The matching information through the Phpinfo keyword is as follows:
• Data visualization:
Through basic data analysis, the results can be drawn into graphs. In this way, the monitoring period of attacks can be extended without being stuck in a single database query, of course, the purpose of visualization is not to achieve visualization, but to achieve operational needs.
If the table is not shown in the figure, the user experience should be considered if the table is good enough. But is this visualization useful?
The answer is not necessarily. The goal of visualization is to let others clearly see the true meaning of your data analysis.
• Data storage:
After data analysis, targeted storage is required for subsequent joint analysis. Data storage mainly uses offline and real-time data, and displays attack trends within one day in real time.
• Data Analysis: (important)
By writing the inspection results of these rules to the database, you can use the database query method to filter logs, extract the attack time, attack ip address, number of attacks, ip address source locations, and the time periods during which attacks are the most popular, this allows hackers to draw an activity track chart.
Judge the technical capabilities of hackers, whether they are regular customers, and what are the motives for committing crimes. However, we are pessimistic that, even if we analyze these features, we still need to take certain actions against attacks, for example, extract the top 20 and seal it out.

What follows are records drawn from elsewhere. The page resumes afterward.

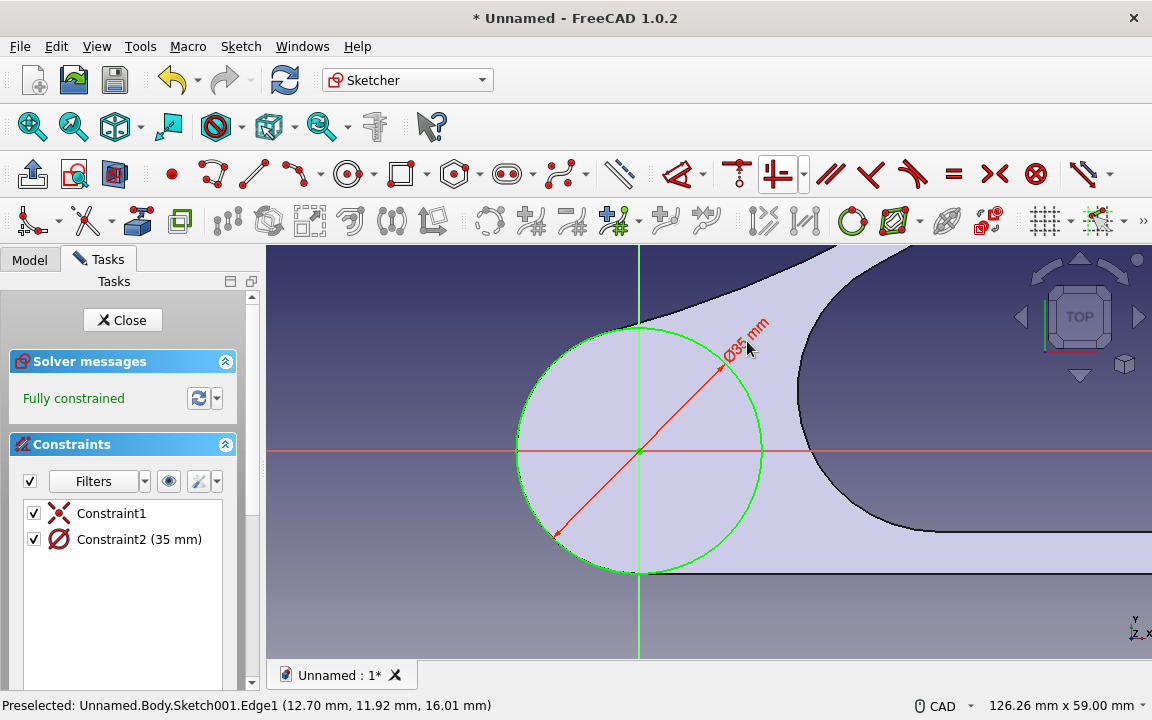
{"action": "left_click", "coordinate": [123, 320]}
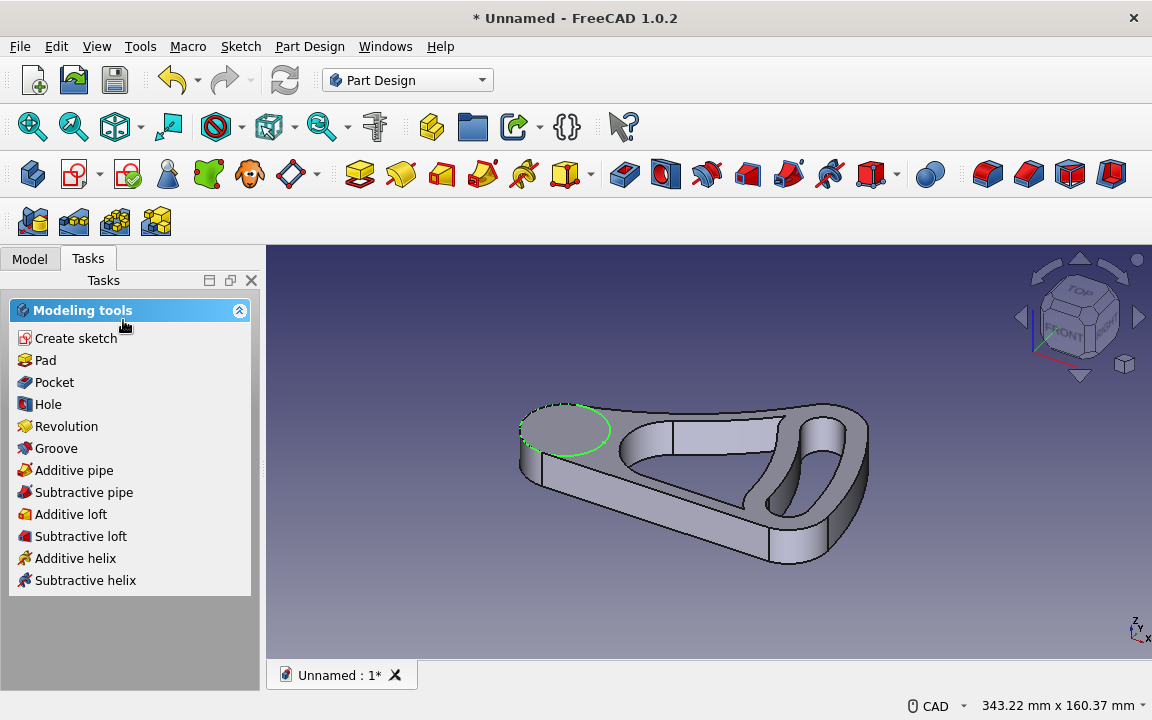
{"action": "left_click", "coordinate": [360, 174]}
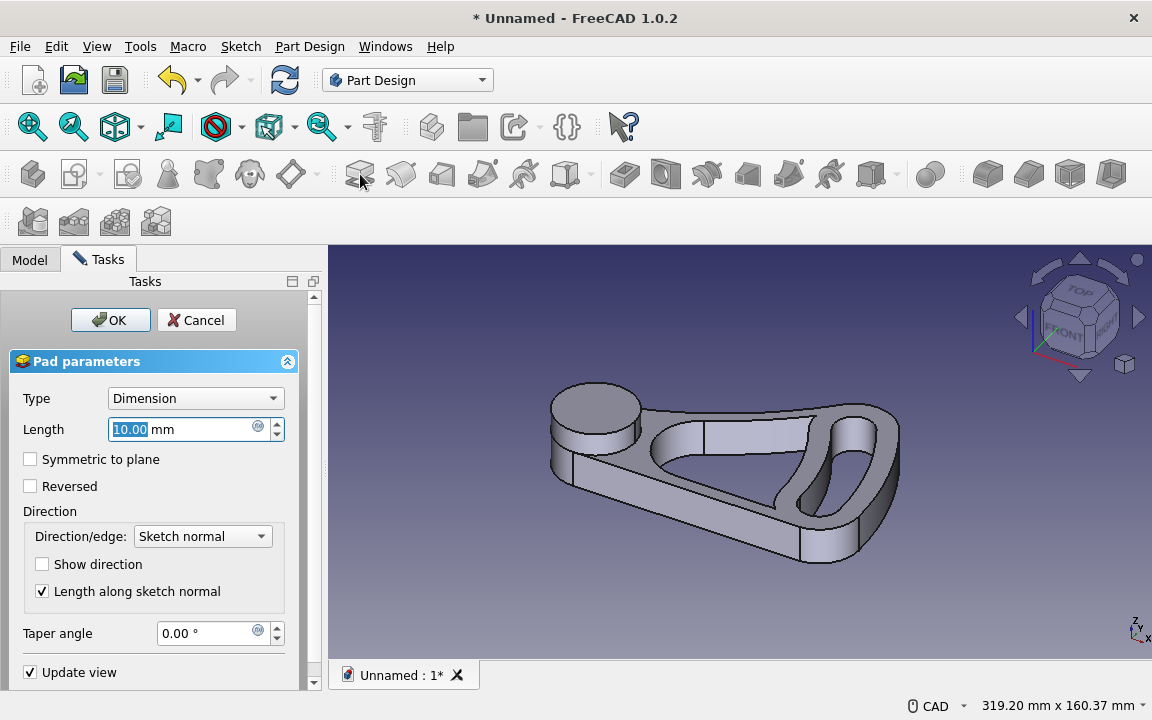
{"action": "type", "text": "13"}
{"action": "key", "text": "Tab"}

Second, can attacks be further analyzed? If this analysis only happens to everyone, you need to combine the data with the vulnerability to analyze the shellshock vulnerability. Can the php cgi remote code execution vulnerability be found? After a period of analysis, we can summarize the trend.
All of these focus on features and keywords. Recognition by keyword potential is like identifying you as fat, thin, tall, and short. First, you will be distinguished by category, then perform analysis.
The premise for analysis is to create a table first, and you need to set the database table structure, for example:
Here, we are concerned with the following information: attack logs, attack payload, attack methods, attack return status, attack ip addresses, and attacker browser fingerprints.
• Determine the scope of analysis:
Are you sure you want to find the problem? SQL injection, xss, file inclusion, directory traversal, brute force cracking, and various scanner scans. After this information is collected, it is written into the rule. Through storm real-time computing, we will obtain a variety of data over a period of time, with the basic sample of analysis.
Analysis is actually a summary process, which can be completed using mysql.
All our analysis is conducted from the security perspective. So let's take a look at what user_agent is interested in? Here is the awvs scanner fingerprint
Various types of scanning data:
From the perspective of data analysis, attackers seem to have a special liking for discuz's. bak file. Or, let's see which phpmyadmin attackers are most keen on?
And a variety of xss:
And the familiar struts2?
And so on, these are all features that can be found. Finding them is actually not a goal. Is our goal smart?
Because a lot of attack data is meaningless, how to filter out the real danger from these data is the scope of automated testing.
Through the analysis of the data, we can easily know what attackers are interested in and whether there is a large scale of exploitation on the market.
Future:
The future of log analysis must be based on data. Machine learning and data mining algorithms are used to predict logs and attack trends.
Finally, log analysis is a process of continuous evolution and continuous cultivation.
The pressure on the database layer is relatively high, and Mysql is not suitable for queries of tens of millions of databases. hbase will be considered for processing in the future.
And considering the use of Bayesian algorithms for scoring and policy adjustment of historical data.